Herbed Köfte (Meatballs) With Tahini Sauce Recipe - Cooking Index

Herbed Köfte (Meatballs) With Tahini Sauce

Type: Lamb, Meat
Serves: 42 people

Recipe Ingredients

  Tahini Sauce
1/2 cup  Tahini paste - well stirred
1/2 cup  Chicken broth
1/4 cup  Fresh lemon juice
1 teaspoon  Ground cumin
1 teaspoon  Mild paprika
  Meatballs
2 x  White sandwich bread - crusts removed
1/2 lb  Ground beef
1/2 lb  Ground lamb
1 lb  Onion - grated (medium)
1 teaspoon  Salt - (heaping)
1 1/2 teaspoons  Ground cumin
1   Ground allspice
1 teaspoon  Crushed red pepper
3/4 teaspoon  Freshly-ground black pepper
3/4 cup  Minced parsley
1/2 cup  Finely-chopped mint
1 cup  Toasted walnut pieces
2 tablespoons  Mild olive oil
1/2   Red onion - very thinly sliced
  Minced parsley or sumac* - for garnish
  Tahini Sauce, (listed above)

Recipe Instructions

* Sumac is available at Middle Eastern markets.

For the Tahini Sauce: Combine tahini, chicken broth, lemon juice, cumin and paprika, stirring well.

For the Meatballs: Dip the bread in cold water and squeeze dry against the bottom of a fine sieve.

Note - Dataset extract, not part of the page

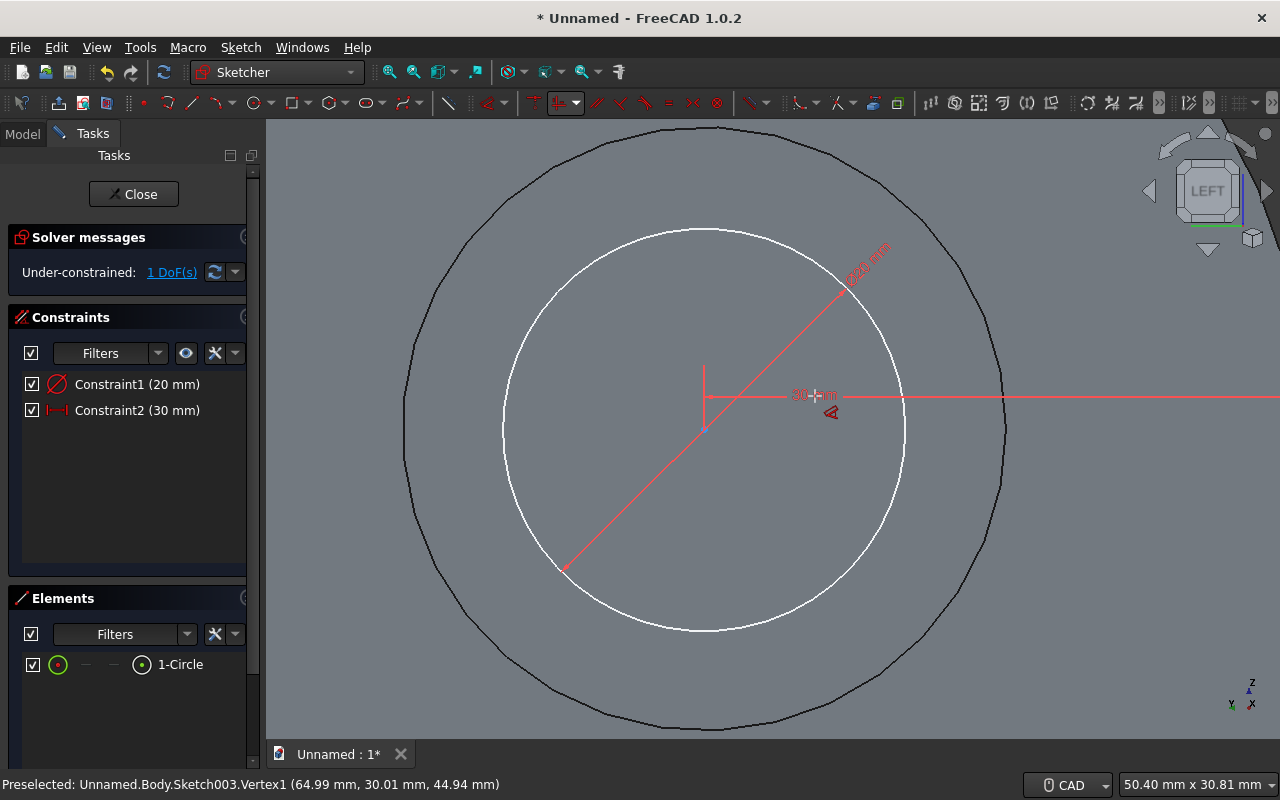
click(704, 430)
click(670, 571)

In a large bowl, mix bread with beef, lamb, onion, salt, cumin, allspice, red pepper and black pepper. Mix thoroughly, but avoid overhandling. Refrigerate for 1 hour.

Mix in parsley, mint and walnuts with your hands and shape mixture into balls.

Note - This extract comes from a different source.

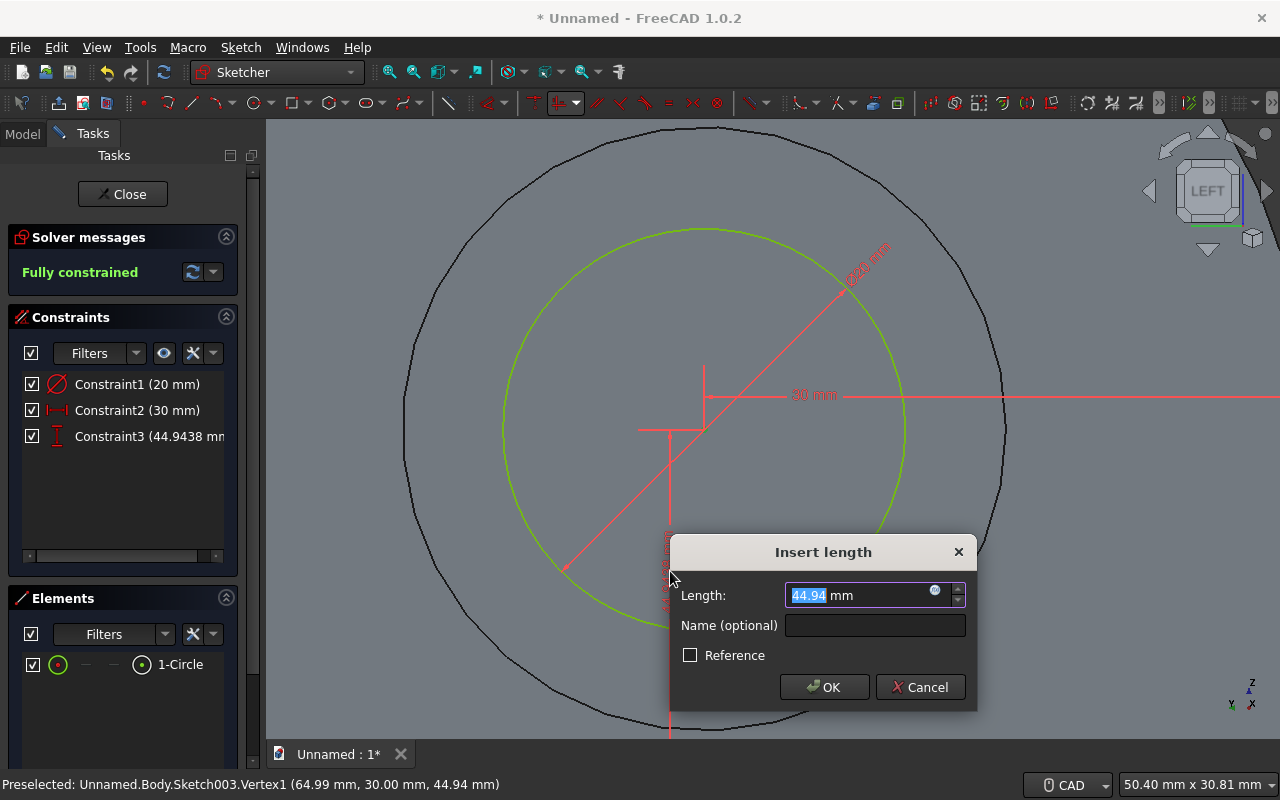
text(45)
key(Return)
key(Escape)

Heat 1 tablespoon oil over medium heat in a large skillet. Add half the meatballs and saute until browned and cooked through, about 7 minutes. Regulate heat so meatballs don't burn, and shake pan vigorously to turn them.

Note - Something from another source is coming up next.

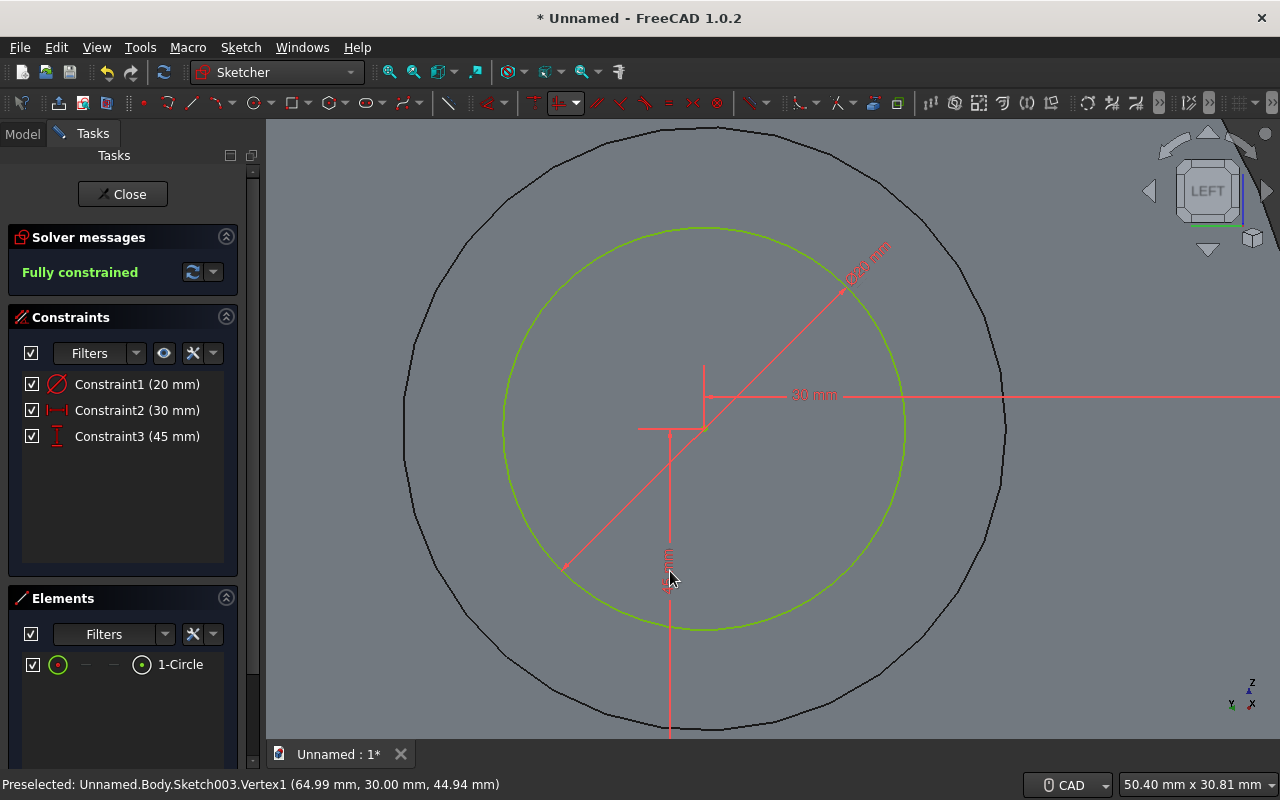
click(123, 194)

Transfer to paper towels. Wipe skillet and repeat with remaining oil and meatballs. Top with onions. Garnish and serve hot or warm, with tahini sauce.

This recipe yields 42 meatballs.

Each meatball: 69 calories; 3 grams protein; 2 grams carbohydrates; 0 fiber; 6 grams fat; 1 gram saturated fat; 7 mg. cholesterol; 78 mg. sodium.